The curious way in which terrorist suspects view our court system

I have, thankfully, never been on trial.  My appearances in Canadian courts have been limited to a brief stint as a court interpreter many, many years ago and my role as an expert witness in several national security certificate cases. I have never been charged with an offence for which I would find myself before a judge and I intend to keep things that way.

If, however, I were to be involved in a proceedings where my future liberty was in the balance I would certainly pay attention to the arguments made and play an active role in my own defence.  After all, no one has a more vested interest in my well-being than myself, right?

So, if this is true, then what is up with jihadis in Western courts?

At an ongoing trial in Brussels of Salah Abdelslam, a suspect in the November 2015 Paris terrorist attacks, the alleged jihadi is playing a curious game.  He is remaining more or less silent, aside from the odd outburst about inequalities in the Western justice system for Muslims.  One scholar says his defiance is linked to a long history of Muslim dismissal of French courts going back to the Algerian colonial days.  I disagree: there is something much more fundamental happening here.

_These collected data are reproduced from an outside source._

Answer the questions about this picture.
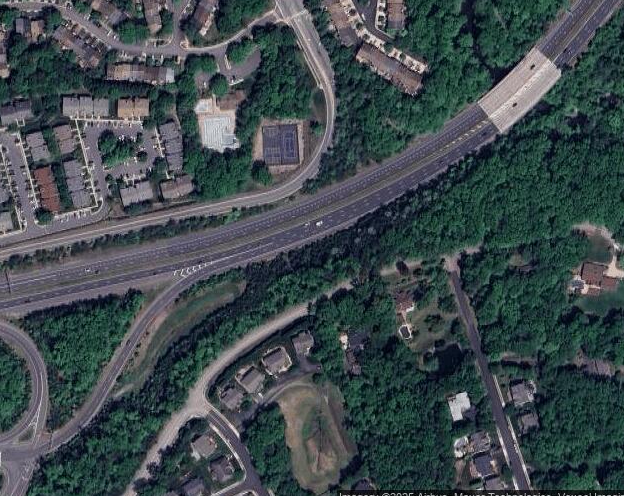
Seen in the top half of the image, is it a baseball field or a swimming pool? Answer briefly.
swimming pool
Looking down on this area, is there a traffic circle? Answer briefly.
No
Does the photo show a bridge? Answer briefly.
Yes
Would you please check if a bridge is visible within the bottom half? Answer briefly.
No
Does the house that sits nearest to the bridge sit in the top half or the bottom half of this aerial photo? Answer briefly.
top
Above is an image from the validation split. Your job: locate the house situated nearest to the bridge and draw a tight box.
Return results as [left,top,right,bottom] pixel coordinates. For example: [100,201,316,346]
[361,43,425,92]
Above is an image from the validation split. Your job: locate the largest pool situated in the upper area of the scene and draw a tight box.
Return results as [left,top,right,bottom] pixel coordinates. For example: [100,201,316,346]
[196,99,240,151]
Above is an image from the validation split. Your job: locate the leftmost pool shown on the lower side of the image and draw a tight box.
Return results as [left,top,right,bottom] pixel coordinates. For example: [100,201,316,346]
[398,323,412,340]
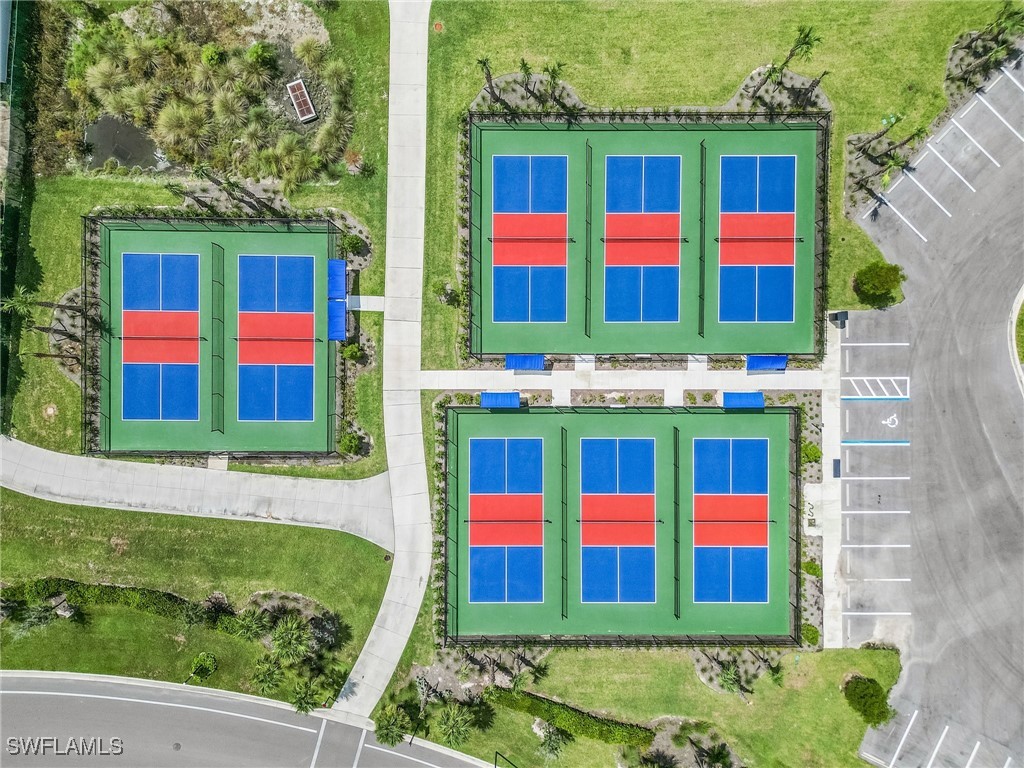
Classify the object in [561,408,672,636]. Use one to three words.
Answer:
sports court
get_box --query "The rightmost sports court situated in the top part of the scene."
[697,123,816,352]
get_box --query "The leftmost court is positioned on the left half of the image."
[99,222,218,451]
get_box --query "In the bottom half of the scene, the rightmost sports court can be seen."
[671,408,790,636]
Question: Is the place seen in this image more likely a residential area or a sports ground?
sports ground
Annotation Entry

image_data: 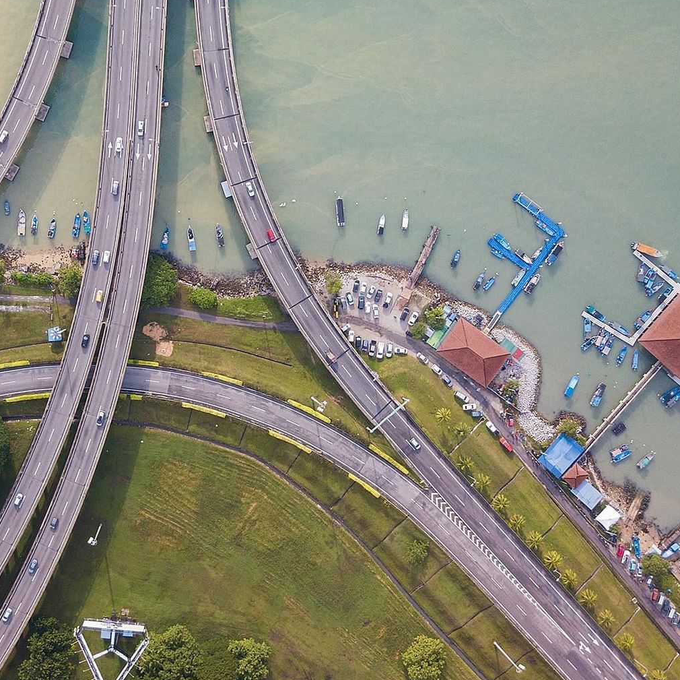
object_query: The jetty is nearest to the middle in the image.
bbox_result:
[408,226,439,286]
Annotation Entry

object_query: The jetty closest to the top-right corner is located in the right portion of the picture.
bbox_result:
[489,194,567,314]
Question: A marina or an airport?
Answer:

We in Canada have been here before.  During the 2015 trial of Chiheb Esseghaier and Raed Jaser, both later found guilty of plotting to derail a train in the Niagara corridor, the former engaged in behaviour some saw as weird. He demanded to be tried based on the Quran and refused to acknowledge the legitimacy of the judge.  Mr. Esseghaier’s antics are very similar to what Mr. Abdelslam is doing.

Jihadis hold a very narrow view of religion and society.  We usually call them Salafi jihadis since the particular version of Islam that they adhere to is a branch of Salafism – a very conservative interpretation of Islam that claims that all Muslims need to run their lives is the Quran, the Hadith (the sayings of the Prophet Muhammad PBUH) and the teachings of the earliest Muslim generations.  Anything else is bida’a – innovation – and must be rejected, by force if necessary.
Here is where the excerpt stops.